6. Il ne supprime donc pas le bénéfice du système de protection sociale attachée à l’exercice d’une activité rémunérée. L’assurance maladie, l’indemnité de chômage ou de formation, le régime de retraite complémentaire par rapport au socle commun fourni par le revenu universel restent garantis. Les allocations familiales, les allocations logement, les diverses aides sociales distribuées par les autorités locales, dont les bourses scolaires et le RSA, seraient en revanche absorbées dans son montant.

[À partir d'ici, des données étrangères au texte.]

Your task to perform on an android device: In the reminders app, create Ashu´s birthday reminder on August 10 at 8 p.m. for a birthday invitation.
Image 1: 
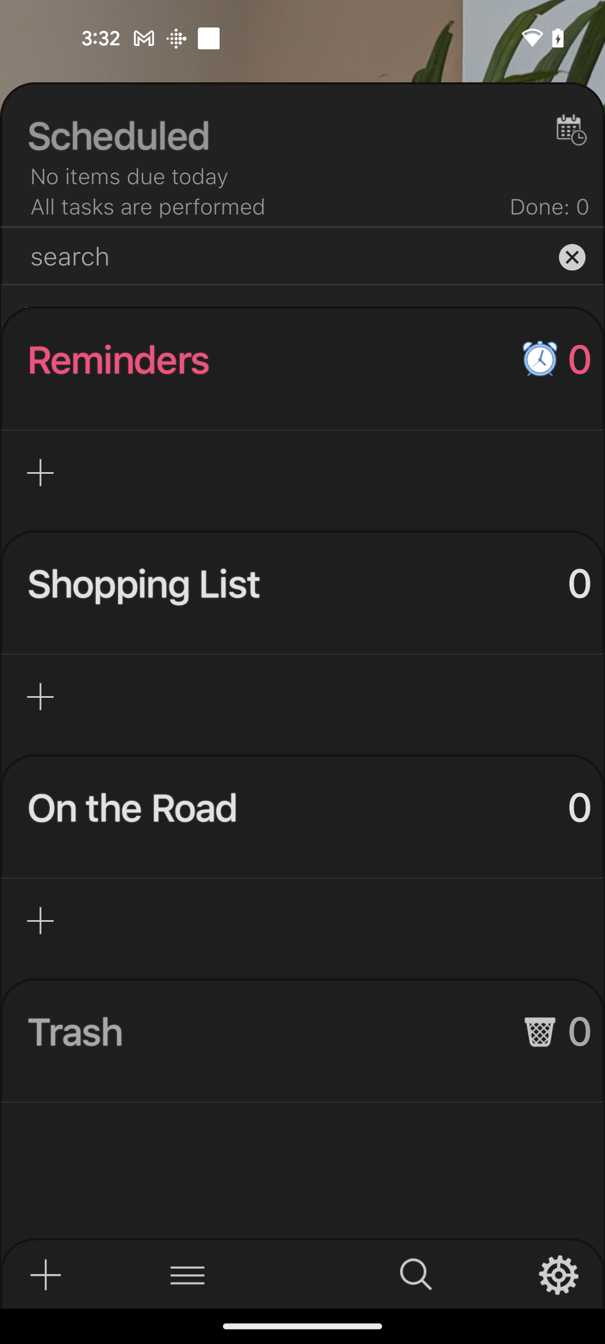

7. Son niveau doit être le plus élevé possible en fonction de la richesse de l’entité de rattachement de l’individu (État, Région, province, métropole). Ce montant est calculé en fonction des besoins fondamentaux de la population : logement, nourriture, santé, éducation et formation, culture, communication, loisirs, etc. Le revenu universel se pense comme un revenu d’autonomie à même d’assurer le droit de tous à vivre décemment. Or un montant bas en ferait volens nolens l’auxiliaire d’une politique néolibérale de réduction du périmètre de la protection sociale publique aux plus pauvres, de subvention déguisée à la fragmentation et à la précarisation toujours plus grande du travail salarié, et surtout d’ouverture de la couverture du risque social au juteux marché de la capitalisation financière. Qui peut croire en effet qu’un RSA, ou un RSA augmenté d’un quart, puisse garantir l’autonomie des personnes ? Lutter réellement contre la pauvreté suppose d’adopter l’horizon d’une somme d’abord irréaliste à vue de calculette, au niveau du salaire minimum de nos sociétés (soit en France, entre 1 100 et 1 200 € net), sans exclure des ajustements à la hausse pour les personnes handicapées de tous âges.
Il est essentiel de rappeler un point : l’universalité du revenu d’existence a d’autant plus de sens que ses bénéficiaires contribuent au système de protection sociale, en particulier au financement de l’assurance-maladie, et qu’ils sont imposés. Finis les pauvres assistés : ils payent un impôt modeste. Universel, le revenu va de pair avec une imposition raisonnable et proportionnée de chacun. Mesure phare d’un nouveau type de redistribution, à même de vaincre enfin la pauvreté qui touche 14 millions de Français et près de 100 millions d’Européens, il exige une véritable révolution dans la conception de l’activité, de l’emploi, mais aussi, à terme, de l’ensemble du système fiscal.